ALL reasonably good antivirus programs that don't only run on demand (Avast only scans when you tell it to) take up resources, this cannot be helped since they need to scan both files and processes are they are happening. Those that don't usually have laughable heuristics or only work off their list of identified threats. The difference between Norton and AVG is that Norton sucks up resources to do non-essential processing, and their heuristics haven't changed much in 4-5 years. AVG on the otherhand changes its heuristics more and more every few months in response to all those attempts to avoid detection.

 

ALL common antiviruses out there have viruses which are designed to avoid detection. This is what makes McAfee and Norton so totally useless. Many virus makers use methods which these scanners miss simply because many businesses, families, and schools use these programs from one of the dozens of business deals that are out there. Kaspersky too has seen this sort of thing increase over the last 4 years. The more popular an Antivirus, the more people will try to make their viruses avoid detection from that program. The way to combat this is through frequent updates to their list of identified threats and minor changes to the heuristics. Viruses of any kind typically aren't found until someone knows that they have a virus and manages to detect it, meaning that if you are among the first hundred or so people to be attacked by something new, chances are that no virus scanner will pick it up unless it does something that can be found from a heuristic scan.

 

Regardless, no antivirus will find everything. This is why you use more than one program... usually 2 antiviruses (one background, one on demand) and have a scanner specifically for malware.

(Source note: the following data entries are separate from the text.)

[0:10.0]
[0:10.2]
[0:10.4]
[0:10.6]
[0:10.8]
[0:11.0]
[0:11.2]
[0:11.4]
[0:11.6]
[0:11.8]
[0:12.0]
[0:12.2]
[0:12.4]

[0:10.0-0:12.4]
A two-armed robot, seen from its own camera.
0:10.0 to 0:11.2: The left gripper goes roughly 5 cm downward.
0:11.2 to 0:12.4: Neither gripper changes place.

Think of any virus scanner as a filter, what one doesn't trap, another one might. A multi-layered defense works best because those viruses which are designed to avoid detection in one will usually be detected by another (unless they use the same or similar heuristic algorithm). As with all filters, you can't filter out 100% of everything without just making your computer read only, but you can aim for that 90% mark to get protection from almost everything out there.